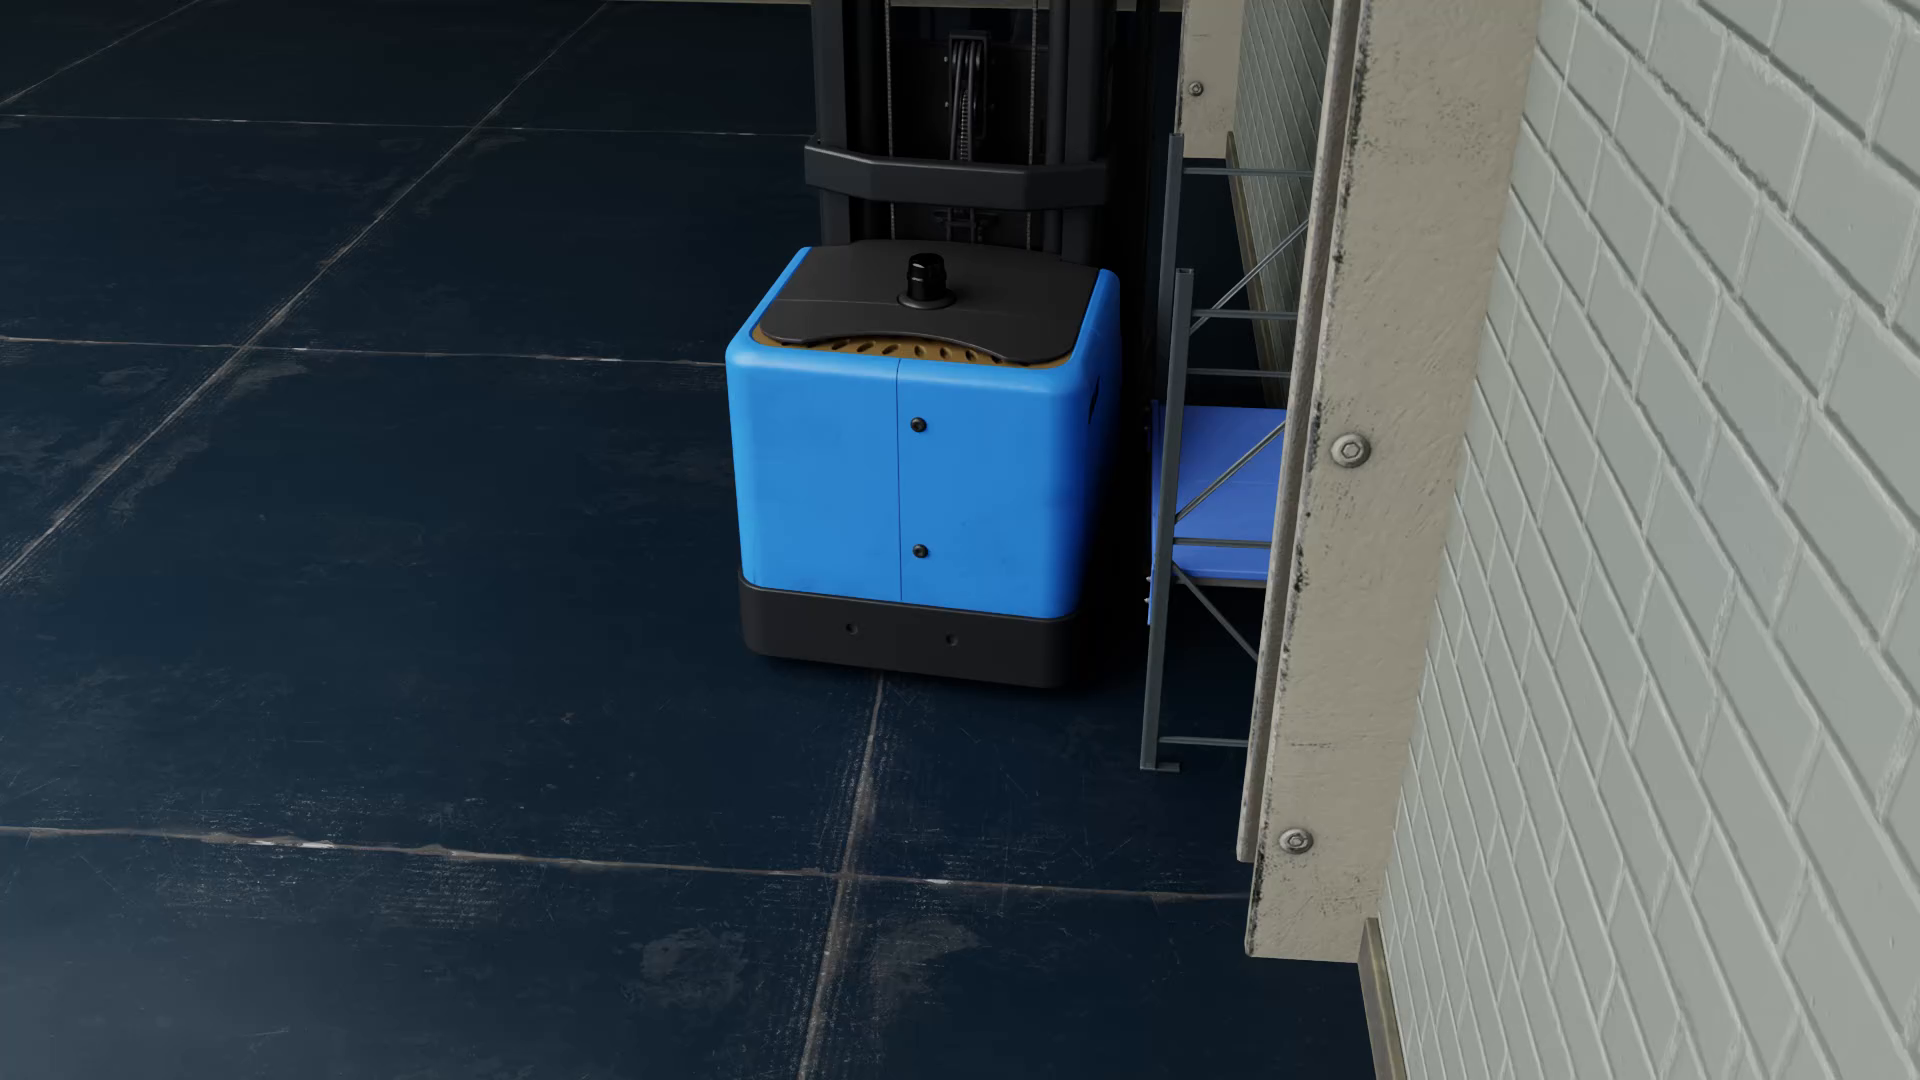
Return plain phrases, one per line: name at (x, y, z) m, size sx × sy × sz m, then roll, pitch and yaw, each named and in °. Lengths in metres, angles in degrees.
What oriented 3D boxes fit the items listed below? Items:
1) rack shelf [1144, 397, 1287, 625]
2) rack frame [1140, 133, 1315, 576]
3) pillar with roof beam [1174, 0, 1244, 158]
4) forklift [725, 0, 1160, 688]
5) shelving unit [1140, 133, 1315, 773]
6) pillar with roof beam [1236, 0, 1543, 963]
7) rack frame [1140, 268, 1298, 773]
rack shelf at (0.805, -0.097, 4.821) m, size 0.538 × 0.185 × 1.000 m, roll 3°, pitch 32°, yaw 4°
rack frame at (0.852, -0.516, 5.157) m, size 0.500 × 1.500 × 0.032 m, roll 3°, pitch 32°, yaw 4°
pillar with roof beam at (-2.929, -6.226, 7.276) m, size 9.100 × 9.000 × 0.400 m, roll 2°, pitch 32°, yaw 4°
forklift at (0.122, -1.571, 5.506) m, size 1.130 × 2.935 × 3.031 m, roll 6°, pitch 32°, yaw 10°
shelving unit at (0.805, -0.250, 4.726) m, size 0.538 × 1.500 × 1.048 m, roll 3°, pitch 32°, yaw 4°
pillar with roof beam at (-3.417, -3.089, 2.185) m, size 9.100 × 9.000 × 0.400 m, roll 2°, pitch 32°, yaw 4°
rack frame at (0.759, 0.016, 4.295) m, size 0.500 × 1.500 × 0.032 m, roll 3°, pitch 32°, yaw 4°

────────────────────

Return, exactly as written, only those lines that run from the one with "What oriented 3D" to the last line of the data, both of those lines included.

◆ **RESULT OF THE TASK**:
What oriented 3D boxes fit the items listed below? Items:
1) rack shelf [1144, 397, 1287, 625]
2) rack frame [1140, 133, 1315, 576]
3) pillar with roof beam [1174, 0, 1244, 158]
4) forklift [725, 0, 1160, 688]
5) shelving unit [1140, 133, 1315, 773]
6) pillar with roof beam [1236, 0, 1543, 963]
7) rack frame [1140, 268, 1298, 773]
rack shelf at (0.805, -0.097, 4.821) m, size 0.538 × 0.185 × 1.000 m, roll 3°, pitch 32°, yaw 4°
rack frame at (0.852, -0.516, 5.157) m, size 0.500 × 1.500 × 0.032 m, roll 3°, pitch 32°, yaw 4°
pillar with roof beam at (-2.929, -6.226, 7.276) m, size 9.100 × 9.000 × 0.400 m, roll 2°, pitch 32°, yaw 4°
forklift at (0.122, -1.571, 5.506) m, size 1.130 × 2.935 × 3.031 m, roll 6°, pitch 32°, yaw 10°
shelving unit at (0.805, -0.250, 4.726) m, size 0.538 × 1.500 × 1.048 m, roll 3°, pitch 32°, yaw 4°
pillar with roof beam at (-3.417, -3.089, 2.185) m, size 9.100 × 9.000 × 0.400 m, roll 2°, pitch 32°, yaw 4°
rack frame at (0.759, 0.016, 4.295) m, size 0.500 × 1.500 × 0.032 m, roll 3°, pitch 32°, yaw 4°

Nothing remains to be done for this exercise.